Your pupils and pupil reactions are an important part of the eye examination.
Pupils should be round, equally sized and equally reactive to light, but often they are not- it is important to be able to differentiate between the pupils that are of concern with those that are “normal for you”.
Firstly pupils should be round- if the pupil is distorted, there may be abnormal adhesions between the iris and the lens behind, which can occur if there is (or more likely has been) anterior uveitis (iritis). There should be a clear history of a condition such as this. Trauma- a blow to the eye can cause damage to the iris causing tearing of the sphincter muscle which causes the pupil to constrict. It will still function, but its effect may be uneven, and therefore the pupil misshapen. Most often, unless a problem is known about, an unusually shaped pupil will be normal for you – Holmes Adie pupil can often show sectoral defects in the sphincter muscle, causing an irregular pupil shape, for example, but close examination is required to rule out anything serious.
Unequal pupil sizes (anisocoria) are relatively common- approximately 1 in 10 people do have a slight inequality. This is called physiological anisocoria, and is normal so long as the difference remains equal under a dull and bright light. If the difference in size increases under a dull or no light, then one pupil is not dilating properly. Conversely if the difference increases in a bright light, one pupil is not constricting properly. Most times these differences can be explained in practice, and do not require onward referral for investigation, but some, particularly if associated with eye movement (motility) weaknesses or a droopy eyelid, do need to be referred.
Pupil reactions are viewed separately to pupil size.
Because of the way the pupils are “wired up”, shining a light in one eye should make both pupils constrict, so there is a direct reaction in one and an indirect reaction in the eye which isn’t being illuminated. By checking these reactions it is possible to ensure that the strength of signal from each eye is equal. An extreme example of this would be where one eye is blind- both pupils constrict normally when the light is shone into the good eye, both will dilate when illuminating the blind eye. If there was a weakness but not failure, when the light is shone into the poorer eye, there will be a constriction, but moving the light to the other eye will show a greater constriction. Moving back to the original will show a relative dilation of both. This Relative Afferent Pupillary Defect, indicates a weakness in the retina or optic nerve in the affected (dilating) side.

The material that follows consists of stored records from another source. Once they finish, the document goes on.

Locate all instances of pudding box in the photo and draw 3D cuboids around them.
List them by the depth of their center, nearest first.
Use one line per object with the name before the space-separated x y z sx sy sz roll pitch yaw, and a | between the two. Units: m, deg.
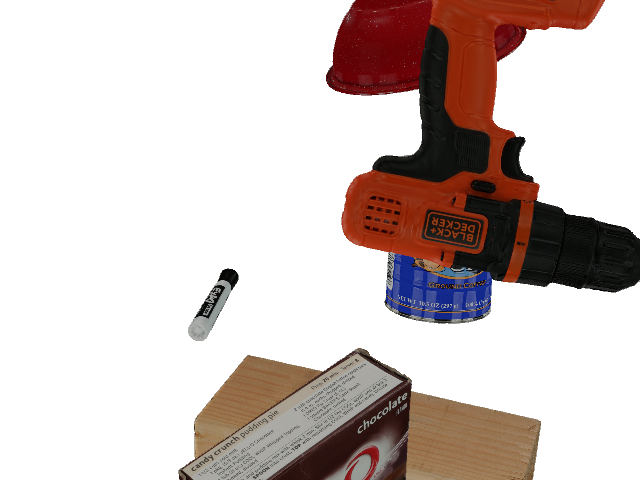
pudding box | -0.009 0.114 0.485 0.039 0.090 0.113 30 47 34

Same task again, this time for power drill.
power drill | 0.116 -0.069 0.633 0.184 0.188 0.057 11 5 3

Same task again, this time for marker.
marker | -0.100 0.059 1.020 0.020 0.020 0.121 0 24 11

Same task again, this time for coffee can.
coffee can | 0.115 -0.004 1.010 0.103 0.140 0.103 2 15 -1

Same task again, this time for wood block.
wood block | 0.030 0.153 0.698 0.206 0.090 0.090 11 27 17

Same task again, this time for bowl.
bowl | 0.075 -0.170 0.834 0.162 0.055 0.162 -14 24 6
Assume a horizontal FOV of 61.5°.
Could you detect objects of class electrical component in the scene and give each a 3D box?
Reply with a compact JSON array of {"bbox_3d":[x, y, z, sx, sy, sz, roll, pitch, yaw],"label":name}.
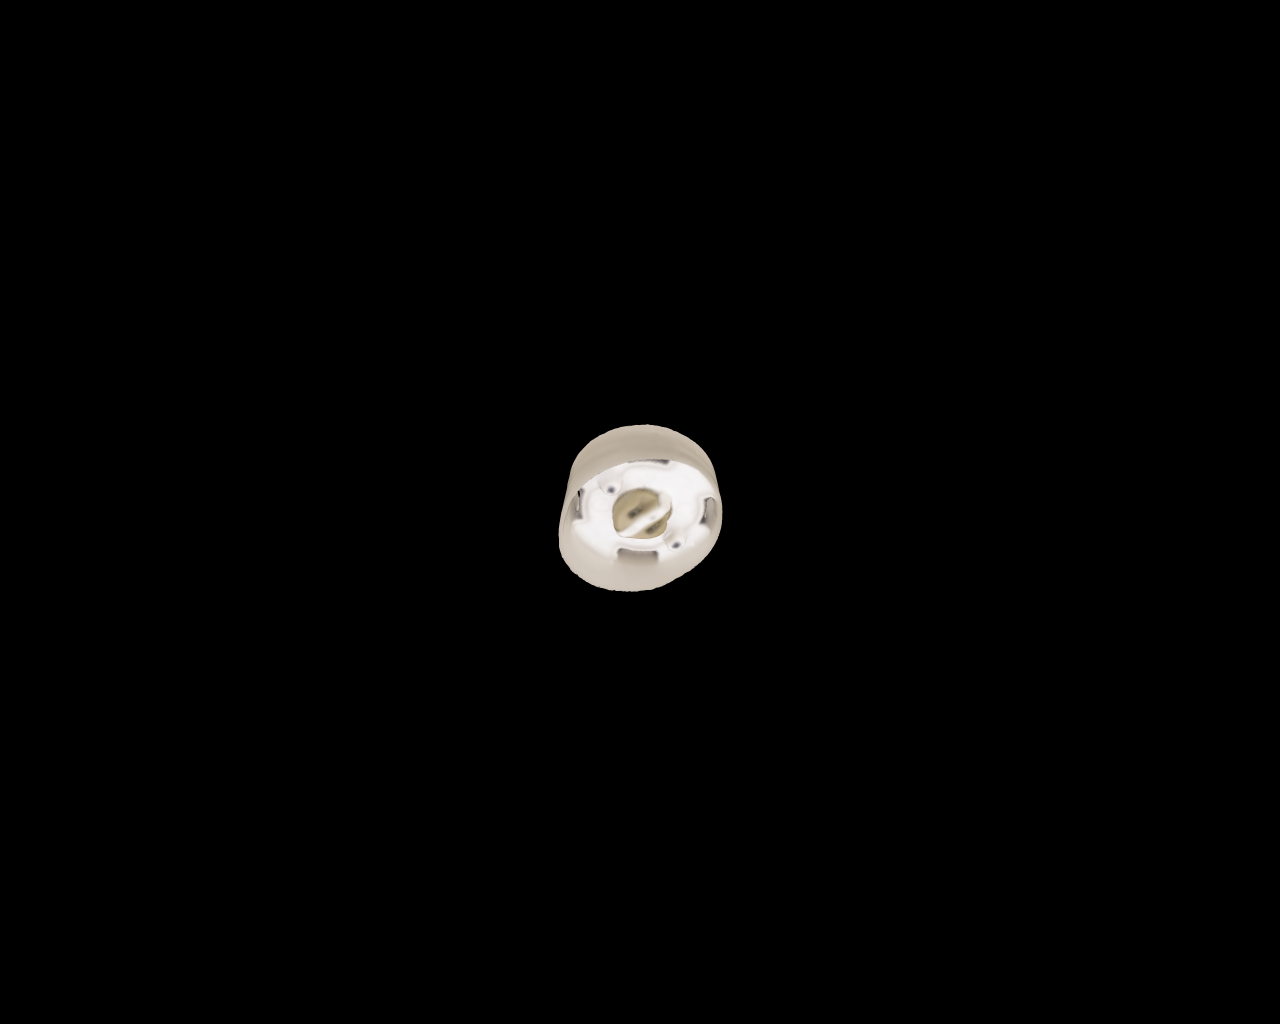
[{"bbox_3d":[0.001,-0.003,0.650,0.099,0.099,0.064,0,44,0],"label":"electrical component"}]
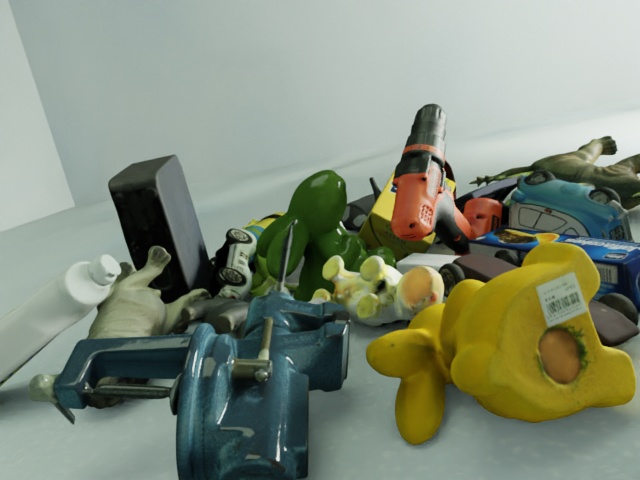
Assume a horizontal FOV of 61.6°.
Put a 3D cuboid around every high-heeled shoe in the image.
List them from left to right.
[{"bbox_3d":[0.098,-0.016,0.968,0.086,0.145,0.248,-18,-14,-12],"label":"high-heeled shoe"}]

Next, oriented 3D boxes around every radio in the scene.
[{"bbox_3d":[-0.219,0.003,0.771,0.073,0.229,0.131,-13,18,4],"label":"radio"}]

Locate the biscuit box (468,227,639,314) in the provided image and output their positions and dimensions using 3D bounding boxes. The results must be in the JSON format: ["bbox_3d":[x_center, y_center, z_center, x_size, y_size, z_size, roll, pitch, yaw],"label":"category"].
[{"bbox_3d":[0.258,0.029,0.589,0.063,0.059,0.203,-19,15,-26],"label":"biscuit box"}]

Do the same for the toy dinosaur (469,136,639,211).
[{"bbox_3d":[0.404,-0.097,0.890,0.199,0.105,0.471,-17,9,-5],"label":"toy dinosaur"}]

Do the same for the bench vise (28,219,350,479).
[{"bbox_3d":[-0.095,0.100,0.426,0.241,0.128,0.224,1,40,-1],"label":"bench vise"}]

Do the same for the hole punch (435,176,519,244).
[{"bbox_3d":[0.253,-0.044,0.840,0.142,0.092,0.116,-22,13,-23],"label":"hole punch"}]

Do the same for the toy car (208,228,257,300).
[{"bbox_3d":[-0.127,0.049,0.761,0.056,0.073,0.202,28,23,-17],"label":"toy car"}]

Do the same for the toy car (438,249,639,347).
[{"bbox_3d":[0.202,0.059,0.520,0.089,0.053,0.202,-9,21,-25],"label":"toy car"}]

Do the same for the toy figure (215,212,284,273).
[{"bbox_3d":[-0.105,0.006,0.963,0.089,0.082,0.180,-9,12,28],"label":"toy figure"}]

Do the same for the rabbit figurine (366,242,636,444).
[{"bbox_3d":[0.120,0.090,0.419,0.162,0.121,0.173,-27,4,-18],"label":"rabbit figurine"}]

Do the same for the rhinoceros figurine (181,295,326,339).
[{"bbox_3d":[-0.067,0.100,0.586,0.190,0.073,0.112,-1,9,41],"label":"rhinoceros figurine"}]

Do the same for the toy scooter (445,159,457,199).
[{"bbox_3d":[0.199,-0.087,0.957,0.075,0.135,0.184,-1,19,33],"label":"toy scooter"}]

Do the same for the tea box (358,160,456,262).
[{"bbox_3d":[0.131,-0.043,0.803,0.098,0.068,0.170,28,44,3],"label":"tea box"}]

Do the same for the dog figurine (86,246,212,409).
[{"bbox_3d":[-0.240,0.119,0.627,0.172,0.121,0.190,-44,10,40],"label":"dog figurine"}]

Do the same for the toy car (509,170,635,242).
[{"bbox_3d":[0.298,-0.014,0.678,0.103,0.109,0.162,-39,33,-13],"label":"toy car"}]

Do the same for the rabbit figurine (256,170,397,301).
[{"bbox_3d":[-0.001,-0.002,0.689,0.159,0.170,0.121,-20,21,-12],"label":"rabbit figurine"}]

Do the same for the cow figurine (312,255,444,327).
[{"bbox_3d":[0.076,0.063,0.572,0.098,0.068,0.167,27,-17,-35],"label":"cow figurine"}]
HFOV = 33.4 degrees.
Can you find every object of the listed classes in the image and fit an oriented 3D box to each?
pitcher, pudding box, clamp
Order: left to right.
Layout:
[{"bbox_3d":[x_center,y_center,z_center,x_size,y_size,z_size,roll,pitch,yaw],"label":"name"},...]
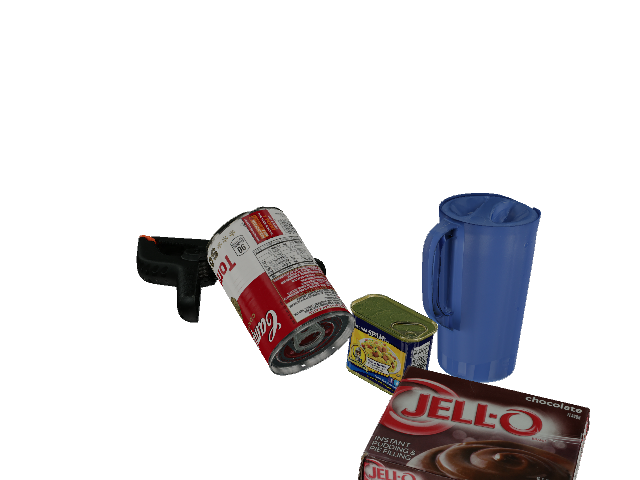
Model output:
[{"bbox_3d":[-0.123,0.030,1.042,0.210,0.036,0.164,13,22,40],"label":"clamp"},{"bbox_3d":[0.088,0.119,0.601,0.114,0.039,0.090,13,31,16],"label":"pudding box"},{"bbox_3d":[0.211,0.067,1.440,0.149,0.243,0.145,4,21,7],"label":"pitcher"}]

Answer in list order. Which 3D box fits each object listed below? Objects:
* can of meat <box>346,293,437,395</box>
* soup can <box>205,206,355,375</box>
[{"bbox_3d":[0.079,0.121,1.220,0.102,0.084,0.057,26,33,36],"label":"can of meat"},{"bbox_3d":[-0.029,0.034,0.753,0.068,0.102,0.068,-26,-27,-15],"label":"soup can"}]
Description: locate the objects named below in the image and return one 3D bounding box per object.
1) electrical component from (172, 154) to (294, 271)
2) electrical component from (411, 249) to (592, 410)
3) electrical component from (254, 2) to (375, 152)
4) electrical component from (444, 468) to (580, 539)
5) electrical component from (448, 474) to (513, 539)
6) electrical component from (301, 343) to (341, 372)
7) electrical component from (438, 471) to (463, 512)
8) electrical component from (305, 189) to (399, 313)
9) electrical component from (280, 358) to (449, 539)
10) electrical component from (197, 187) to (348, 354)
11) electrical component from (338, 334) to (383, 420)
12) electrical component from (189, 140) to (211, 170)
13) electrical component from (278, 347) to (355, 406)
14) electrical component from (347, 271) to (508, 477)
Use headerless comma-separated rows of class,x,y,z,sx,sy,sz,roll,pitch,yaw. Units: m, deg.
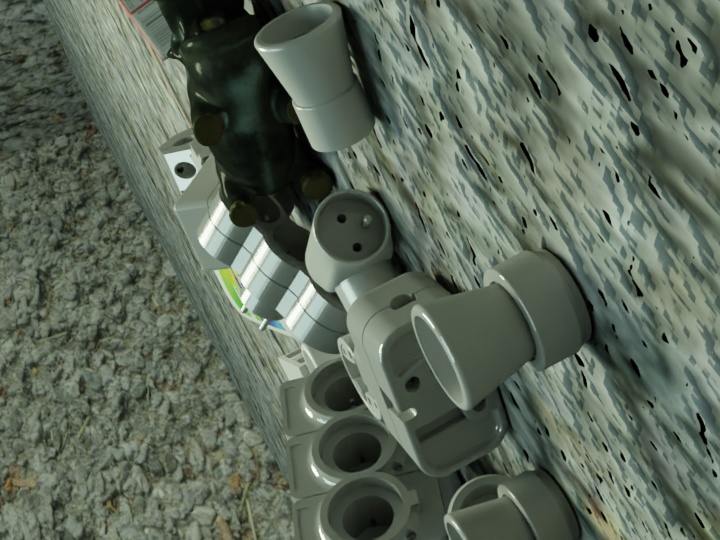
electrical component,-0.089,-0.052,0.824,0.096,0.061,0.061,-66,-38,-50
electrical component,0.054,0.022,0.411,0.045,0.055,0.045,60,169,19
electrical component,-0.018,-0.091,0.522,0.044,0.044,0.065,46,164,56
electrical component,0.077,0.132,0.548,0.045,0.055,0.045,59,168,21
electrical component,0.097,0.184,0.584,0.138,0.052,0.073,56,166,33
electrical component,-0.008,0.061,0.767,0.045,0.055,0.045,59,168,21
electrical component,0.022,0.182,0.760,0.078,0.113,0.057,123,122,-77
electrical component,0.000,0.000,0.628,0.079,0.043,0.077,62,168,9
electrical component,0.003,0.129,0.685,0.150,0.089,0.061,-102,-3,-49
electrical component,-0.059,0.010,0.742,0.138,0.052,0.073,42,120,15
electrical component,0.020,0.056,0.653,0.055,0.047,0.055,59,168,21
electrical component,-0.120,-0.090,0.961,0.063,0.042,0.081,61,169,2
electrical component,0.009,0.143,0.858,0.186,0.060,0.105,65,168,-5
electrical component,0.033,0.053,0.570,0.059,0.054,0.095,43,157,60
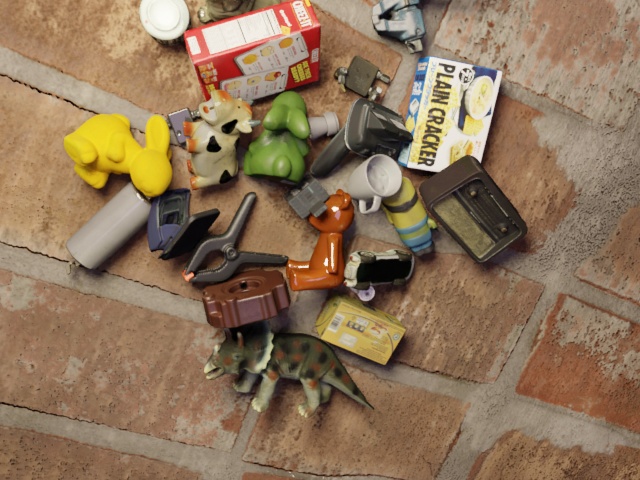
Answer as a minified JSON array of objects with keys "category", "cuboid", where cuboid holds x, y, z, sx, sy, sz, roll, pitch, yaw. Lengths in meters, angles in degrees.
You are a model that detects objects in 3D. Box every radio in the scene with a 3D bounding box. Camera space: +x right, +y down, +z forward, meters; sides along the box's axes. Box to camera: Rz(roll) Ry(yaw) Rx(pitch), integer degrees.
[{"category":"radio","cuboid":[0.319,-0.060,1.103,0.131,0.073,0.229,-36,127,20]}]

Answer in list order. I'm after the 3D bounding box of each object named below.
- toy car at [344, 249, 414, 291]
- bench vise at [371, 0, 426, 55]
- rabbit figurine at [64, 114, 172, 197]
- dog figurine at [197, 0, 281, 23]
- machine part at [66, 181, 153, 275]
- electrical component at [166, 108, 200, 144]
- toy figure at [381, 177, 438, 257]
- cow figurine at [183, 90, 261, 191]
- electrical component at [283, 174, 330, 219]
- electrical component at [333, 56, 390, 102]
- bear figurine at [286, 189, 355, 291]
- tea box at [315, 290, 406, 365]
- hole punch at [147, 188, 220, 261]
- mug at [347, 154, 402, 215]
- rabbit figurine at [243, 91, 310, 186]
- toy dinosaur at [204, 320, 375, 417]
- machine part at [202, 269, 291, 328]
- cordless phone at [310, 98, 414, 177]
[{"category":"toy car","cuboid":[0.123,0.059,1.110,0.201,0.056,0.073,-1,108,-42]},{"category":"bench vise","cuboid":[0.203,-0.460,0.965,0.241,0.129,0.223,-14,90,11]},{"category":"rabbit figurine","cuboid":[-0.327,-0.140,0.943,0.173,0.121,0.162,32,54,13]},{"category":"dog figurine","cuboid":[-0.121,-0.393,0.886,0.172,0.191,0.121,7,105,-16]},{"category":"machine part","cuboid":[-0.383,-0.027,0.997,0.243,0.079,0.079,-42,110,3]},{"category":"electrical component","cuboid":[-0.253,-0.210,1.000,0.094,0.021,0.063,-19,110,-7]},{"category":"toy figure","cuboid":[0.186,-0.049,1.109,0.082,0.089,0.180,-30,108,-10]},{"category":"cow figurine","cuboid":[-0.177,-0.179,0.958,0.127,0.085,0.194,-10,144,-18]},{"category":"electrical component","cuboid":[-0.024,-0.080,1.038,0.075,0.119,0.047,-40,109,4]},{"category":"electrical component","cuboid":[0.079,-0.306,1.033,0.102,0.045,0.078,31,99,-19]},{"category":"bear figurine","cuboid":[0.002,-0.003,1.068,0.132,0.120,0.195,0,105,-9]},{"category":"tea box","cuboid":[0.088,0.191,1.170,0.169,0.068,0.098,27,100,-20]},{"category":"hole punch","cuboid":[-0.266,-0.031,0.999,0.092,0.142,0.115,39,108,4]},{"category":"mug","cuboid":[0.098,-0.100,1.047,0.081,0.107,0.109,8,78,-23]},{"category":"rabbit figurine","cuboid":[-0.074,-0.197,0.990,0.121,0.159,0.170,10,89,-5]},{"category":"toy dinosaur","cuboid":[-0.052,0.262,1.141,0.405,0.131,0.192,9,105,-21]},{"category":"machine part","cuboid":[-0.144,0.108,1.044,0.179,0.179,0.056,-12,106,-9]},{"category":"cordless phone","cuboid":[0.076,-0.179,1.057,0.146,0.089,0.184,5,139,-50]}]
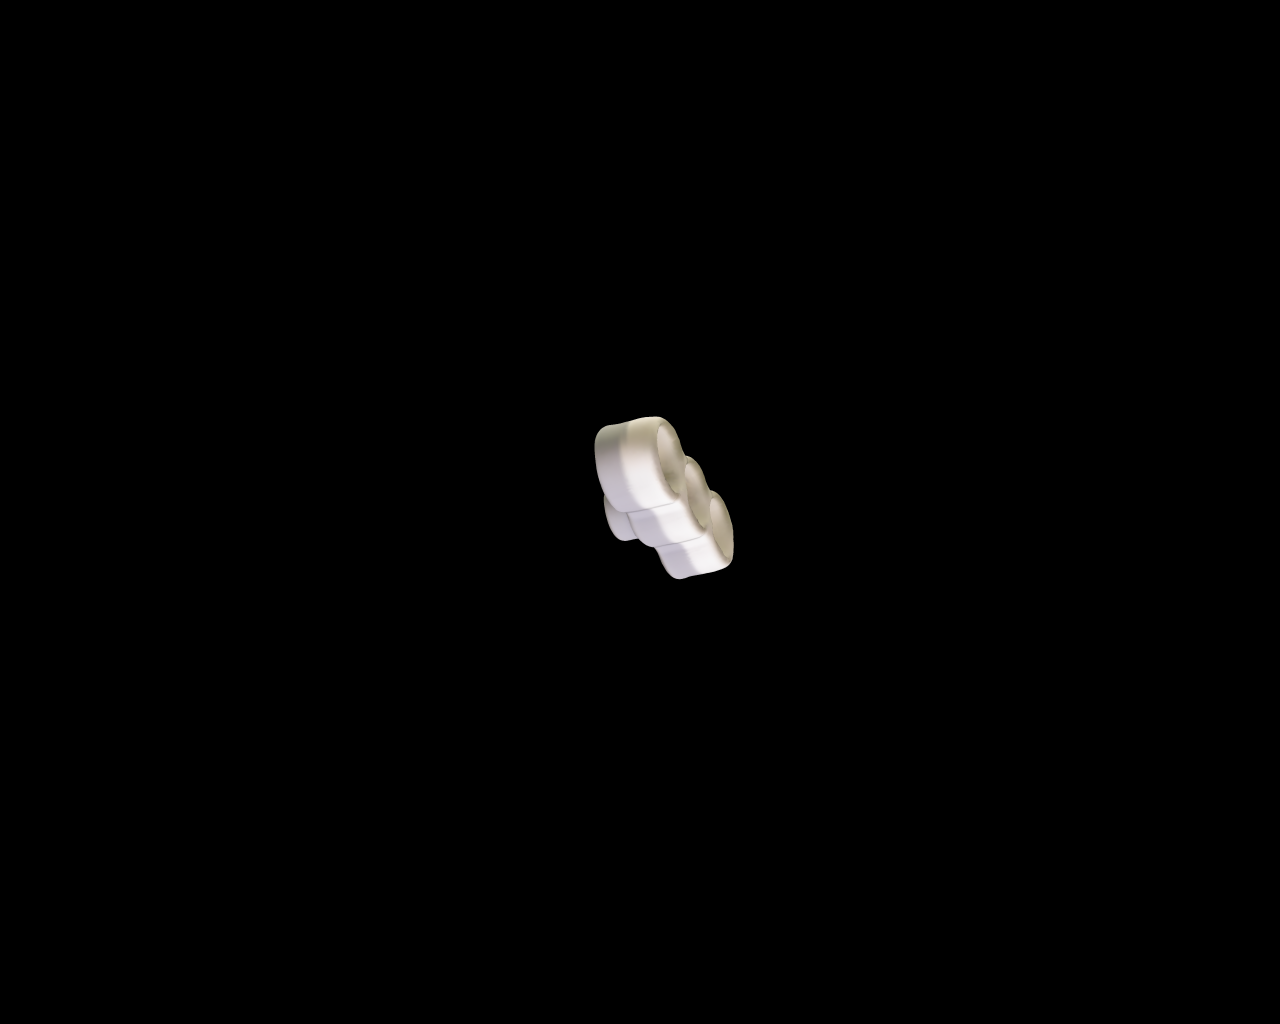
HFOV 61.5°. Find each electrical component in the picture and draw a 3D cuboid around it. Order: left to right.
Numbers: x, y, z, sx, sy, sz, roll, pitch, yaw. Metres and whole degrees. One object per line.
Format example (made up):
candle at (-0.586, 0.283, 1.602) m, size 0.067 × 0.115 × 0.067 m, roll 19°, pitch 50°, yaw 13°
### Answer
electrical component at (0.001, -0.003, 0.650) m, size 0.074 × 0.052 × 0.138 m, roll -12°, pitch -33°, yaw 19°

Differences in dilation and constriction will also be evident when doing this part of the test, so although size and reactions are different tests, they can be checked out at the same time.
It is also possible to check the pupils for constriction when looking at a near target- when the eyes attempt to focus at something close, they will also turn in, and the pupils should constrict. It is usually not necessary to check the near reflexes, unless there are problems with the light reflexes, as there are no diseases which will cause a near failure without a light reflex problem. Conversely, in light/near dissociation the near reflexes continue to work, but the light reflex is affected in some way.
It is amazing that most people who have uneven pupils have never noticed it- I saw a lady recently who was unaware, but when it was pointed out, she couldn’t believe when looking in the mirror that she hadn’t seen it before. If uneven pupils are noticed, it should be mentioned to you- I have seen people coming in for urgent tests, fearing the worst, because they have just noticed that their pupils are uneven, yet it was writtten on the previous test card but not pointed out to the individual.
Most causes of uneven pupils are innocuous, but anyone who has this should have themselves checked out by their eye care provider.